● Data extract:

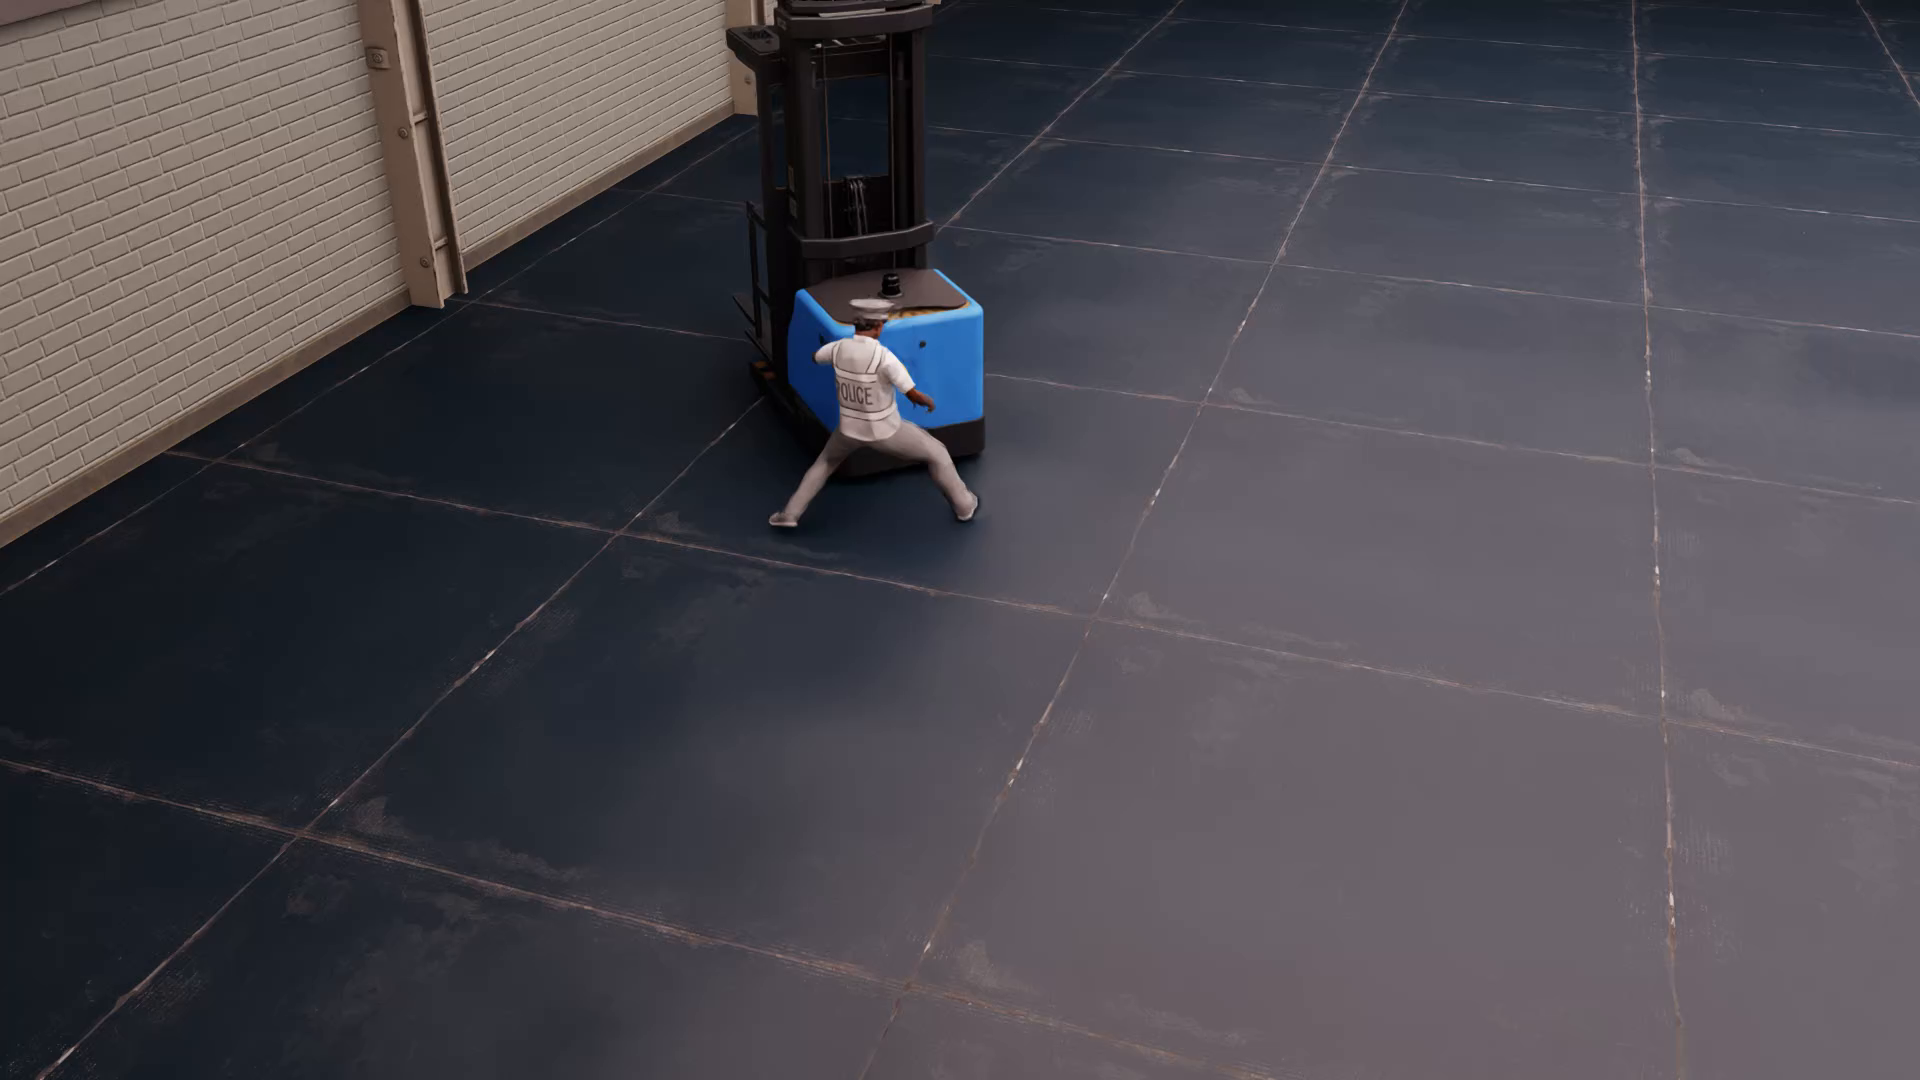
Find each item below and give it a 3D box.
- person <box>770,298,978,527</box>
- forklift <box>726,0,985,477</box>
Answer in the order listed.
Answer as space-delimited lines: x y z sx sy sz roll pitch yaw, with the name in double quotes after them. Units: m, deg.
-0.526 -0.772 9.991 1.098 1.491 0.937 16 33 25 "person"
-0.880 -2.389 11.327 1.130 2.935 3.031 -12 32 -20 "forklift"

...

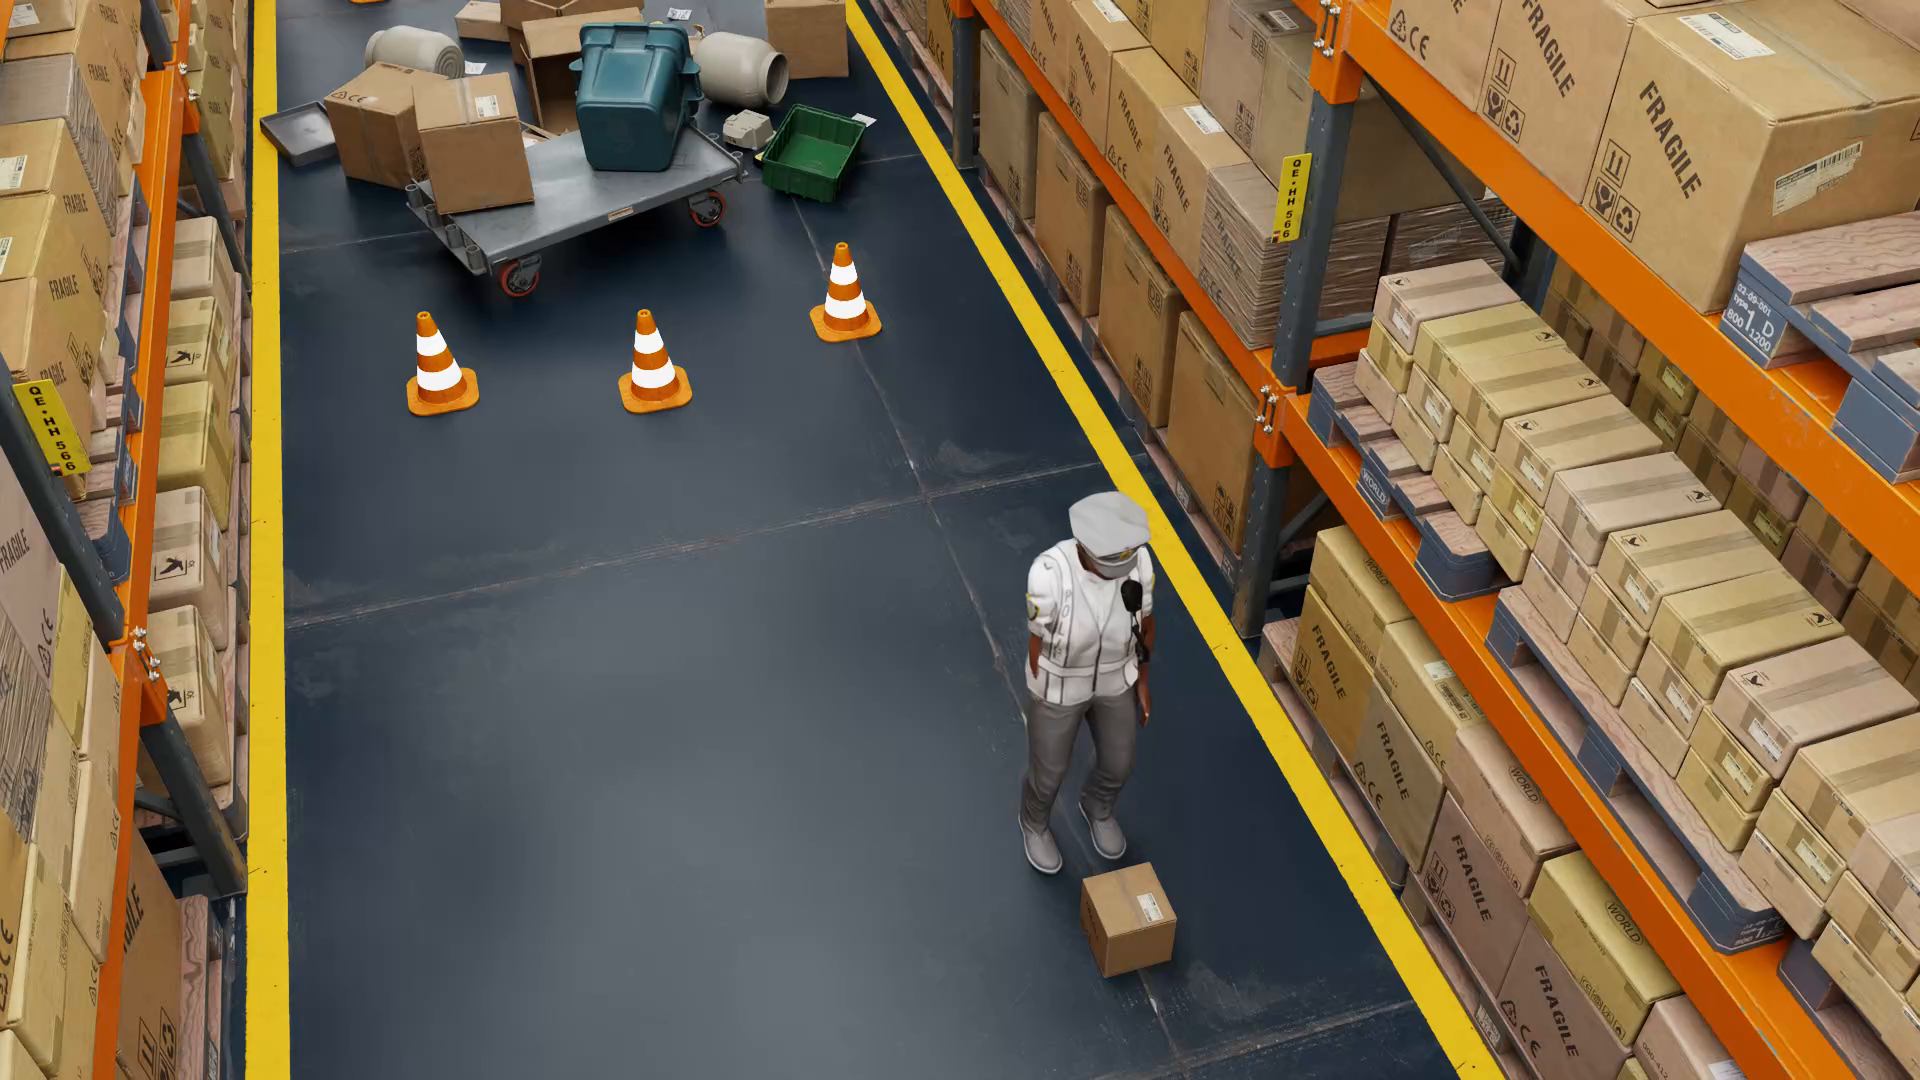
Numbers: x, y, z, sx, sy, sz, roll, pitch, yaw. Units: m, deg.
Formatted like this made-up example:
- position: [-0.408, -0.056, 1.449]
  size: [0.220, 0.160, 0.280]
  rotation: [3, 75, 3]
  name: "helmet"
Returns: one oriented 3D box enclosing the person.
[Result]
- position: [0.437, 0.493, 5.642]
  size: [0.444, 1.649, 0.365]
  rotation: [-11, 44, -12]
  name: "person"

---

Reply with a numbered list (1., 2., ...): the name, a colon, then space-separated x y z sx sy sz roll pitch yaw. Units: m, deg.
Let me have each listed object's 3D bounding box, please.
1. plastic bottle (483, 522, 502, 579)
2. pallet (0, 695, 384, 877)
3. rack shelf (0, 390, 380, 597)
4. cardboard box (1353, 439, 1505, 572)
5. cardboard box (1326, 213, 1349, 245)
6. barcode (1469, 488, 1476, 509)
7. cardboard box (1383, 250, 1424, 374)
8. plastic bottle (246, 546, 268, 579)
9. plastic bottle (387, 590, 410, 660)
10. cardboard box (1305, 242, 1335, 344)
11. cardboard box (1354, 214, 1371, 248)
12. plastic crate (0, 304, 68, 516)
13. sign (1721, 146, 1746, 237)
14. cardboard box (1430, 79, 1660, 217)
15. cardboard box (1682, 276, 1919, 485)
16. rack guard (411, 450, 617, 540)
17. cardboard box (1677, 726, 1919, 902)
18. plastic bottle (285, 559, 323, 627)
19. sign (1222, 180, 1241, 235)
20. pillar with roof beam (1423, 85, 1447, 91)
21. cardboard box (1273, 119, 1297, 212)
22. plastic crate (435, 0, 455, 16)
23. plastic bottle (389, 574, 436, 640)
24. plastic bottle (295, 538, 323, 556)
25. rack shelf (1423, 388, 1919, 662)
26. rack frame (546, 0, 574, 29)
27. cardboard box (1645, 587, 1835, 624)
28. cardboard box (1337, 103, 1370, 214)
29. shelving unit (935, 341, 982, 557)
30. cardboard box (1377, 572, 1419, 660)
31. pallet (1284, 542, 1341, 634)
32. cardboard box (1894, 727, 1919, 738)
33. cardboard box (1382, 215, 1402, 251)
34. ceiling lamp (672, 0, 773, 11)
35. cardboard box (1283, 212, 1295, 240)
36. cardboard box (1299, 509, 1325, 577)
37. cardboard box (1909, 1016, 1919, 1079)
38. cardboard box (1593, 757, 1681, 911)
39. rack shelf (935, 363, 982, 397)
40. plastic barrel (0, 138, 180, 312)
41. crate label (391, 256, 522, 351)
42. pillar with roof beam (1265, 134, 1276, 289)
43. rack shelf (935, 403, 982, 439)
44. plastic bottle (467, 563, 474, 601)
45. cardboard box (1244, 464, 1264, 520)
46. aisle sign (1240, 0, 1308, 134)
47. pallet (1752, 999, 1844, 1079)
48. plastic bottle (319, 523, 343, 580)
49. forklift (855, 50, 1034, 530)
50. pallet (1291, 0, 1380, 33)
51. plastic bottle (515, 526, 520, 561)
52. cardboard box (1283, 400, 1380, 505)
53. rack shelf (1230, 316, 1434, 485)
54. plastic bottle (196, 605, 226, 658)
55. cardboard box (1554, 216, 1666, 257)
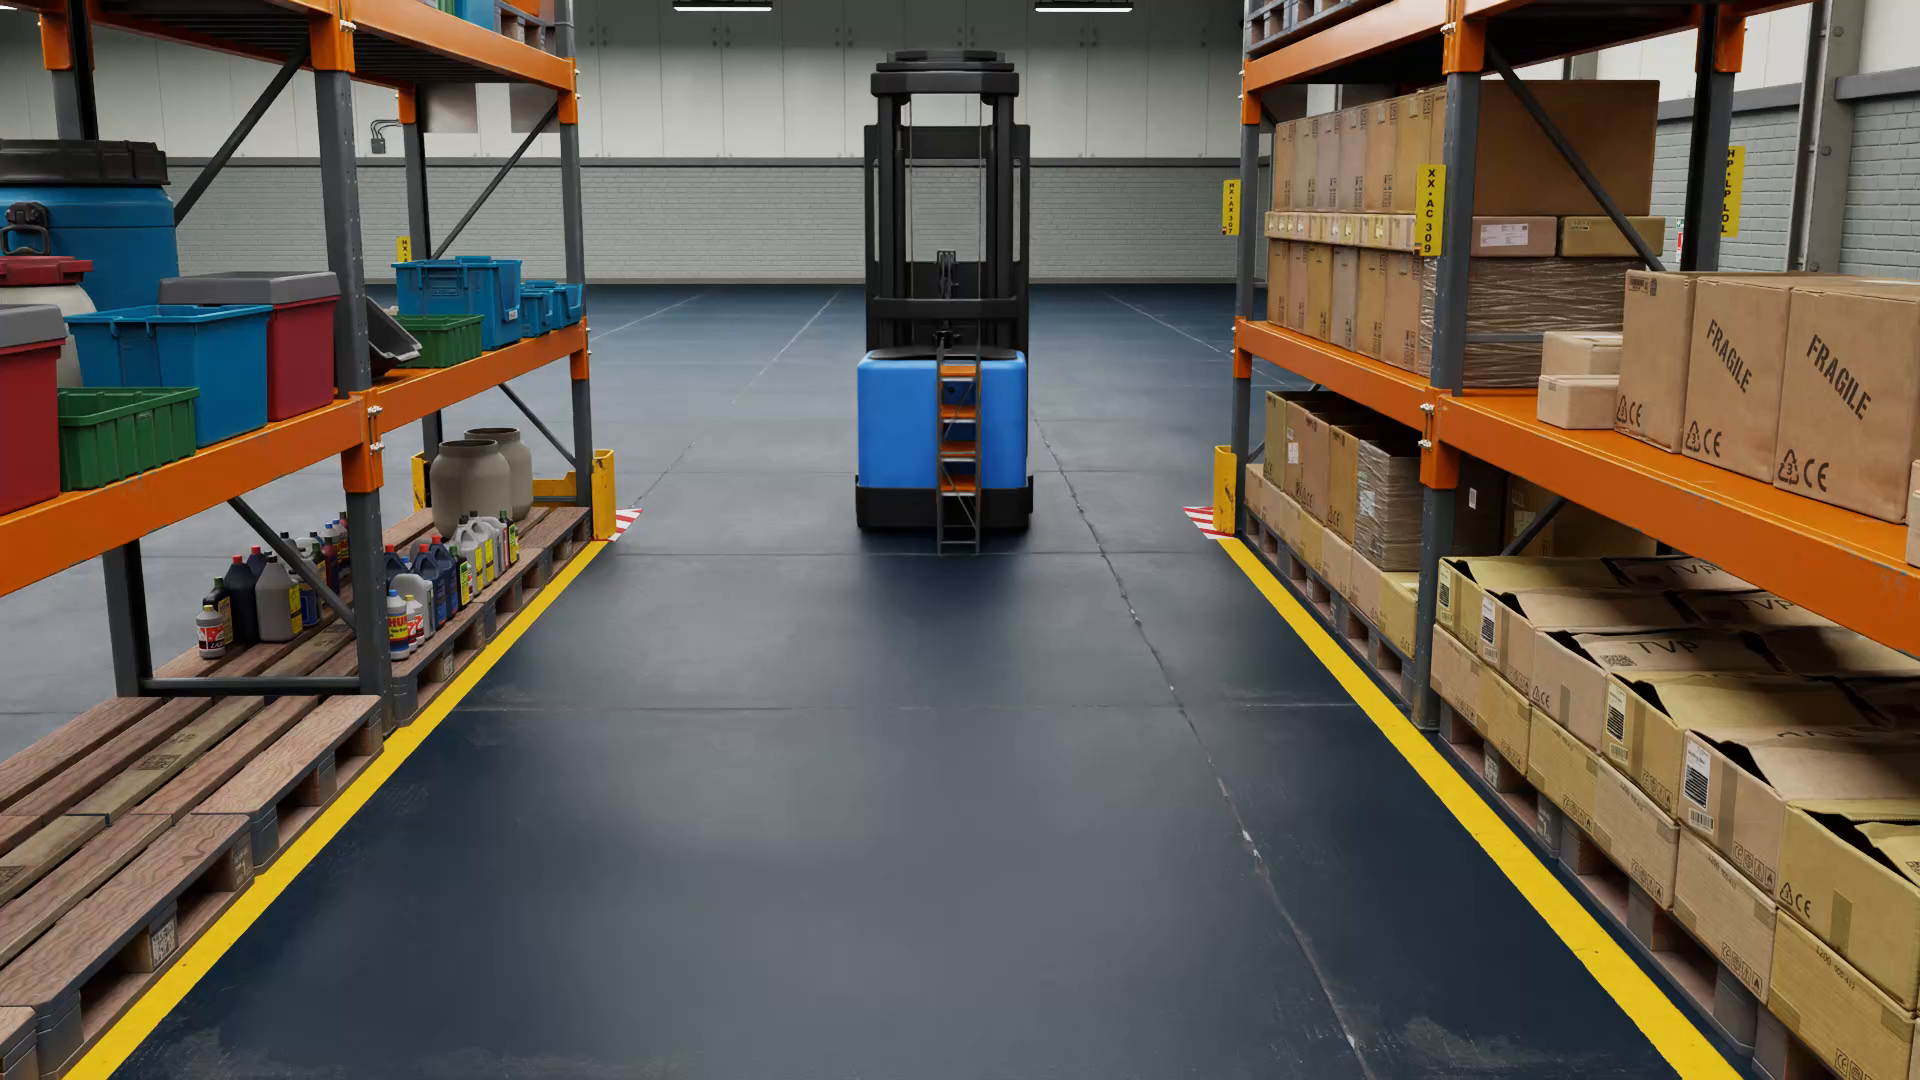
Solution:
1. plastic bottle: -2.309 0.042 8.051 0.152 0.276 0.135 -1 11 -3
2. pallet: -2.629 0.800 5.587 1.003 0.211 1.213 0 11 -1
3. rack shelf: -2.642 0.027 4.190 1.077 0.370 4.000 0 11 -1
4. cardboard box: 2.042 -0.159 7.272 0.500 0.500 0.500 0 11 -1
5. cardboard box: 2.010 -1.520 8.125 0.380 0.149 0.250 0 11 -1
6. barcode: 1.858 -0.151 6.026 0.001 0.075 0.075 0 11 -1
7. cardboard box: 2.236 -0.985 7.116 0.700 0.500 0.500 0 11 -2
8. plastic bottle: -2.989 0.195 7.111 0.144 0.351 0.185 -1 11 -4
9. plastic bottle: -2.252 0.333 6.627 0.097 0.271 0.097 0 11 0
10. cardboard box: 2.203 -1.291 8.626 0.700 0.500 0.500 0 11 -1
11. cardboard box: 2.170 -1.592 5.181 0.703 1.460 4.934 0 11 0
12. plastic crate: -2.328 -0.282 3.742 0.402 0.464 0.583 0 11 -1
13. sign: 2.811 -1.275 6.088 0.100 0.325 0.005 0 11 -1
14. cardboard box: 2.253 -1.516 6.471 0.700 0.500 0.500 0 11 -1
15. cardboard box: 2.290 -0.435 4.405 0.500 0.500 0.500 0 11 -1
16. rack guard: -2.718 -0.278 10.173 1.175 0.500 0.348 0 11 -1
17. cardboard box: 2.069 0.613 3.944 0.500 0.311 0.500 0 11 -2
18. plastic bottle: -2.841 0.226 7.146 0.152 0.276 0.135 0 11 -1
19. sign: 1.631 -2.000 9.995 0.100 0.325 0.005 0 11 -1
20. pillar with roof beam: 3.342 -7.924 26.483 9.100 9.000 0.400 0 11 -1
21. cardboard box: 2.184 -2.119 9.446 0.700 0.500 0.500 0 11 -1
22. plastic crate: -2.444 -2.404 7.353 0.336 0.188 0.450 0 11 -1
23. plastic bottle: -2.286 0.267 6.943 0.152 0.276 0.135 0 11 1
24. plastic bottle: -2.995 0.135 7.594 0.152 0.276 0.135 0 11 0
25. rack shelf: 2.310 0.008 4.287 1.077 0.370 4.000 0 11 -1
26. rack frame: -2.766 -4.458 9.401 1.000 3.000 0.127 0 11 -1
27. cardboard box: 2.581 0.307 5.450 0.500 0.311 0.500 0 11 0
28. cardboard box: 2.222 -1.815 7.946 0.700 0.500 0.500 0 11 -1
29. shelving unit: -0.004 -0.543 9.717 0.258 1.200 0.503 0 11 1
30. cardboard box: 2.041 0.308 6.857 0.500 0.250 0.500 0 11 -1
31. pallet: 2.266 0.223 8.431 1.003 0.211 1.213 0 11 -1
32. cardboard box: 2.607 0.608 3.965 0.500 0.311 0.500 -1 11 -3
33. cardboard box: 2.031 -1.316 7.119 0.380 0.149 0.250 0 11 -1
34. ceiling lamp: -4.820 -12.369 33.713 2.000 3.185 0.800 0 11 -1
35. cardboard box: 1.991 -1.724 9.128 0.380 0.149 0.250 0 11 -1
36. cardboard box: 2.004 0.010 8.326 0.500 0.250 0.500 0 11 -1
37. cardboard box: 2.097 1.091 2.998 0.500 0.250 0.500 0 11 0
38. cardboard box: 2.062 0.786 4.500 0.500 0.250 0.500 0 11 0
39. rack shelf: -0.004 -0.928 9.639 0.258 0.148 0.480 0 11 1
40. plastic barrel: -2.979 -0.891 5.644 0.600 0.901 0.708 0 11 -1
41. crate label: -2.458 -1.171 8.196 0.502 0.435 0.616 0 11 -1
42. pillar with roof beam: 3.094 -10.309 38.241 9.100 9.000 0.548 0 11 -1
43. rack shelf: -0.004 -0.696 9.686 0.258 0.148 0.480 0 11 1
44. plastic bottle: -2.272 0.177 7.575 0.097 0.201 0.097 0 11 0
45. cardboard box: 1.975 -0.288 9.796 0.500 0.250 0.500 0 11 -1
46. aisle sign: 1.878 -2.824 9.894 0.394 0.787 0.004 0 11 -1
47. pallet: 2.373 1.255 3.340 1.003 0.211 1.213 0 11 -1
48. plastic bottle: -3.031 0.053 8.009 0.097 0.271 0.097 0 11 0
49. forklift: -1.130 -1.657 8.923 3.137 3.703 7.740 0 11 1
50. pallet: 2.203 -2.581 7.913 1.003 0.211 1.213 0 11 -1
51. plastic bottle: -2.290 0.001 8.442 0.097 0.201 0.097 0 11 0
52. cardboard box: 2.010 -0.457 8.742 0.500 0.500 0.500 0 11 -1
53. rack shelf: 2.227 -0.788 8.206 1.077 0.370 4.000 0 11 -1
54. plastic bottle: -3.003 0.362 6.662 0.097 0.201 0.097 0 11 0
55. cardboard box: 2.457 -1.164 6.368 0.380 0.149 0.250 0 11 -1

● Work instruction:
When a line in the material contains the string "each", copy that line.

● Response to the exercise:
Find each item below and give it a 3D box.
Let me have each listed object's 3D bounding box, please.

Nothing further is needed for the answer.